С большой натяжкой постоялый двор можно было окрестить единственным приличным местом во всём Эгзуле, будь в этом городе приличные места.
– Это гостиница или притон наркоторговцев? – Вики обвела взглядом стены комнаты. Потёкшими пятнами плесени те смиренно взирали в ответ.
– Мы не будем здесь ночевать. – Люцифер бросил сумку и выудил оттуда совсем уж внезапное: отутюженный до стрелочек костюм, севший настолько образцово, что некоторые за такое душу готовы продать. – Поможешь? – Зеркало было пыльным, покрытым многочисленными сальными отпечатками. И он повернулся к Непризнанной, удерживая в руках концы галстука.
Не успев скинуть плаща, она запрыгнула на комод, оказалась на одном уровне и притянула старшекурсника, пользуясь аксессуаром как хомутом.
– Или удивлю, или удавлю.
В мужских зрачках заплясали черти. Не так хорошо, как они – на площади вечером, но тоже готовые к аплодисментам.
– Не испорть, Уокер. – Он прикрыл ресницы, самозабвенно упиваясь лёгкими касаниями её пальцев, приятно «насиловавшими» кадык. – И кто тебя этому научил?
– Пятнадцать земных любовников. – Долетело до ушей. – Кент был простоват. Шелби жил на широкую ногу. А Виндзор… ах, Виндзор! Он мог дважды подряд!
– Рискуешь, - мужчина прищурился и взглядом облапал её смеющийся рот. – Как и я.

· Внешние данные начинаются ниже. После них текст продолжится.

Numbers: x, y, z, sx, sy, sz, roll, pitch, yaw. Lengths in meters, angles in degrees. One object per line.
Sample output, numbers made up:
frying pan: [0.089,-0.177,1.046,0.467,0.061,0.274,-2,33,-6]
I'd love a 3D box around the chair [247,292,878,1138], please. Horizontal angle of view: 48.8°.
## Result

– По галстуку заметно. – Серый. Наглый. Стильный. – Говорит сам за себя.
– И что он несёт?
– Что-то на похабном, - она закончила с узлом и придвинула губы ближе, опаляя тёплым дыханием. – Сделано! – Соскочила мгновенно, отходя на безопасное расстояние. По выражению лица Люция стало ясно – безопасным может быть расстояние отсюда до Островов Презрения, Чили какого-нибудь, Молдавии на худой конец – кстати, где это вообще? – но никак не три, разделивших их шага.
– Видимо я должен сказать спасибо Полу Уокеру. – Сначала он настигает её бархатом голоса, а потом – нависающим сверху собой, но руки спокойно держит в карманах, не предпринимая никаких попыток узурпировать непризнанное тело на непризнанной территории.
– А вдруг я не шутила насчёт любовников?
– А вдруг я не брезгливый, и выебу тебя на матрасе, на который кончали сотни раз?
– Тут есть бельё!
– Тут – тоже, - ладонь захватывает власть, ложась на девичий пах через слой одежды. – Не помню, что бы это мешало.
«Я тороплюсь, Непризнанная. И только это мешает продолжать нашу игру в короткое, электрическое замыкание. – Хочется чувствовать её. Быть с ней. В ней. Войти. Не сдерживаться. Заткнуть. Брать. Занимать место. – Стою тут важный, как хуй бумажный, и даже присунуть тебе не успеваю».
– Люцифер, - она настигла кармой. Взлетела ладонью к волосам и провела преступной гладью, заставляя неразборчиво промычать. – Ты очень идёшь своему галстуку.
Подарок обещали позже. Не отстала ведь на драконе Виктория, хотя чуть не вывалилась из седла дважды, порядочно наглотавшись пыли, пока не сообразила, что надо пригнуться, распластаться по массивному хребту, чтобы не получать ветром в нос.
– Будете обедать? – Неопрятная девица швырнула рукописное меню.
– Не буду, - ответила Вики и тут же уставилась в разлапистые буквы на пергаменте, - разве что…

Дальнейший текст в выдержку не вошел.